Momenteel worden reeds periodiek benchmarks voor luchthaventarieven alsmede onderliggende kosten-, opbrengsten- en produktiviteitsontwikkelingen in Europa uitgebracht door instituten als Cranfield University en het Transport Research Laboratory. De Air Transport Research Society bereidt een jaarlijks uit te brengen wereldwijde luchthavenbenchmark voor. Dergelijke instellingen mogen in staat worden geacht een objectieve vergelijking uit te voeren. Bij benchmarkstudies duiken ongetwijfeld vergelijkbaarheidsproblemen op, doordat niet alle luchthavenexploitanten zich exact met hetzelfde complex van activiteiten bezighouden of doordat niet exact vergelijkbare tarieven in rekening worden gebracht. De luchthaven Frankfurt is bijvoorbeeld actief in de afhandeling terwijl op Schiphol deze activiteit via concessies aan zelfstandige afhandelingsbedrijven is uitbesteed. Een ander voorbeeld is dat de luchthaven Londen-Heathrow apart een check-in desk tarief in rekening brengt, terwijl dit op Schiphol in de passagiersgelden is verdisconteerd. Voor dergelijke verschillen dient uiteraard gecorrigeerd te worden in een benchmark. Echter voor de marge waarbinnen zich de afzonderlijke luchthaventarieven van de verschillende luchthavens bevinden zijn deze onzekerheidsmarges minder belangrijk.

De leden van de VVD-fractie lezen in de memorie van toelichting op bladzijde 6 dat de exploitant de rechtvaardigheid van de tarieven en voorwaarden moet expliciteren in het licht van de wetgeving, in het licht van de aard en de kwaliteit van de betreffende dienstverlening en in het licht van wat bijvoorbeeld internationaal te doen gebruikelijk is op toonaangevende luchthavens. De NMa kan de laatstgenoemde benchmarking in zijn toetsing van de redelijkheid betrekken. Deze leden vragen of kan worden aangegeven wat de resultaten zijn van de benchmarking met betrekking tot de huidige tarieven.

Er heeft geen specifieke benchmarking plaatsgevonden met betrekking tot de huidige tarieven in relatie tot de kwaliteit van de dienstverlening, zoals bedoeld in de memorie van toelichting. Wel heeft Transport Research Laboratory (TRL) onlangs de Review of Airport Charges 2001 gepubliceerd, een update van haar jaarlijkse benchmark.
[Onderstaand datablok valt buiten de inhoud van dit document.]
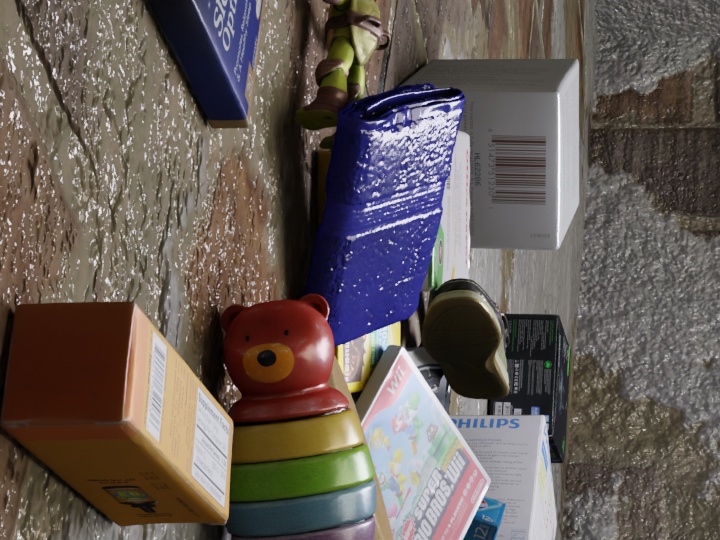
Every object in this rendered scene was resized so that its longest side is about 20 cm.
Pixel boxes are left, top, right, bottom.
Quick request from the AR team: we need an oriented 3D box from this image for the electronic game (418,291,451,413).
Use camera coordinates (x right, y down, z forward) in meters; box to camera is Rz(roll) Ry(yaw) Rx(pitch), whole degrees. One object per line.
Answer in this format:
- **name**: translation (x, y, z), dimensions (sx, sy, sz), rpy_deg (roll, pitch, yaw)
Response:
- **electronic game**: translation (0.076, 0.102, 2.012), dimensions (0.200, 0.042, 0.200), rpy_deg (6, 90, -85)

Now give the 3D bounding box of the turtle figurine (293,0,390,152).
- **turtle figurine**: translation (-0.008, -0.178, 1.530), dimensions (0.200, 0.064, 0.162), rpy_deg (61, 32, -68)

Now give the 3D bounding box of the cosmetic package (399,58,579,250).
- **cosmetic package**: translation (0.137, -0.124, 1.991), dimensions (0.200, 0.166, 0.168), rpy_deg (-50, 139, -71)

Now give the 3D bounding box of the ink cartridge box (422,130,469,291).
- **ink cartridge box**: translation (0.045, -0.057, 1.747), dimensions (0.200, 0.084, 0.145), rpy_deg (-9, 99, -78)

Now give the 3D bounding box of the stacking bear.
- **stacking bear**: translation (-0.047, 0.118, 1.278), dimensions (0.114, 0.121, 0.200), rpy_deg (-9, 92, -76)

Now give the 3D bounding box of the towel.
- **towel**: translation (0.010, -0.046, 1.509), dimensions (0.148, 0.050, 0.200), rpy_deg (-18, 127, -50)

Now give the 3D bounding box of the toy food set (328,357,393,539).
- **toy food set**: translation (-0.019, 0.150, 1.451), dimensions (0.200, 0.049, 0.198), rpy_deg (55, 18, -84)

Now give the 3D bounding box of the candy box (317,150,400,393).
- **candy box**: translation (0.000, 0.000, 1.604), dimensions (0.102, 0.026, 0.200), rpy_deg (-7, 98, -60)

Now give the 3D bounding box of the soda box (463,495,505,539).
- **soda box**: translation (0.074, 0.306, 1.811), dimensions (0.064, 0.068, 0.200), rpy_deg (-51, 159, -73)

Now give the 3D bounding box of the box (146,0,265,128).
- **box**: translation (-0.096, -0.188, 1.186), dimensions (0.200, 0.032, 0.121), rpy_deg (65, 29, -63)

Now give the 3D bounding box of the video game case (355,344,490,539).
- **video game case**: translation (0.041, 0.180, 1.640), dimensions (0.143, 0.017, 0.200), rpy_deg (-61, 137, -29)

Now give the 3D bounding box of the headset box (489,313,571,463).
- **headset box**: translation (0.239, 0.169, 2.688), dimensions (0.200, 0.093, 0.174), rpy_deg (59, 34, -70)

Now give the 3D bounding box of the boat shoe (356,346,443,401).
- **boat shoe**: translation (0.038, 0.105, 1.754), dimensions (0.200, 0.072, 0.068), rpy_deg (2, 85, -76)

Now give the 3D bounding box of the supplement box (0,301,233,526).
- **supplement box**: translation (-0.121, 0.080, 0.998), dimensions (0.200, 0.066, 0.069), rpy_deg (67, 23, -64)

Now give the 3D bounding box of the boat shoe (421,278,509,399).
- **boat shoe**: translation (0.097, 0.052, 1.738), dimensions (0.201, 0.072, 0.066), rpy_deg (66, 23, -59)

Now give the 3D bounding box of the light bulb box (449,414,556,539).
- **light bulb box**: translation (0.150, 0.301, 2.184), dimensions (0.200, 0.125, 0.198), rpy_deg (-78, 163, -47)
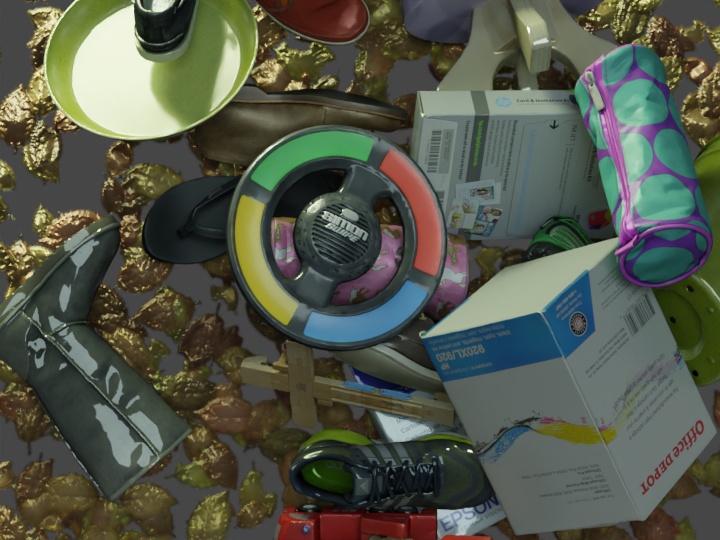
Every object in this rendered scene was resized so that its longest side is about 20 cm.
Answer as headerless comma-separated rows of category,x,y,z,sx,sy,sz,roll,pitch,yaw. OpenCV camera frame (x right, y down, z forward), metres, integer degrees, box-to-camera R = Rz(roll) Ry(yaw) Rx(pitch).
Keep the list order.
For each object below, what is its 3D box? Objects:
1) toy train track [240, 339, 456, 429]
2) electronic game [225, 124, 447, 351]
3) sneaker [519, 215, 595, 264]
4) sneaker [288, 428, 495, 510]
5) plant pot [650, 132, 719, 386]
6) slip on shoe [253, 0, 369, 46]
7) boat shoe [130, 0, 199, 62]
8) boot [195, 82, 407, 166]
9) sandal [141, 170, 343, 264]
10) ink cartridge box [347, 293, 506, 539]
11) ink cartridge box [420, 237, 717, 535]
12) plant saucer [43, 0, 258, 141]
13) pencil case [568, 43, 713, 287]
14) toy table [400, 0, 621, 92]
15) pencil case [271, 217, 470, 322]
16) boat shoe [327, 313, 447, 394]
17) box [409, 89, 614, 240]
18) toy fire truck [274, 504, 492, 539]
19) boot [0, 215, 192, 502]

TRL heeft van 50 luchthavens wereldwijd de «aeronautical» kosten in 2001 berekend van een «turnaround», te weten een landing, parkering en start) voor acht representatieve vliegtuigtypes en vervolgens een rangorde gemaakt op basis van de geaggregeerde kosten van de acht vliegtuigtypes in een gemeenschappelijke valuta (SDR=Special Drawing Right). In deze rangorde, van «duur» naar «goedkoop», staat Schiphol op plaats 13, na bijvoorbeeld Wenen (8), Frankfurt (11) en Parijs-Charles de Gaulle (12), maar voor bijvoorbeeld Zürich (18), Londen-Heathrow (25) en Kopenhagen (26). Na correctie voor de «air passenger tax», een heffing van de Britse overheid, zou Londen-Heathrow overigens nog voor Wenen op plaats 8 terechtkomen.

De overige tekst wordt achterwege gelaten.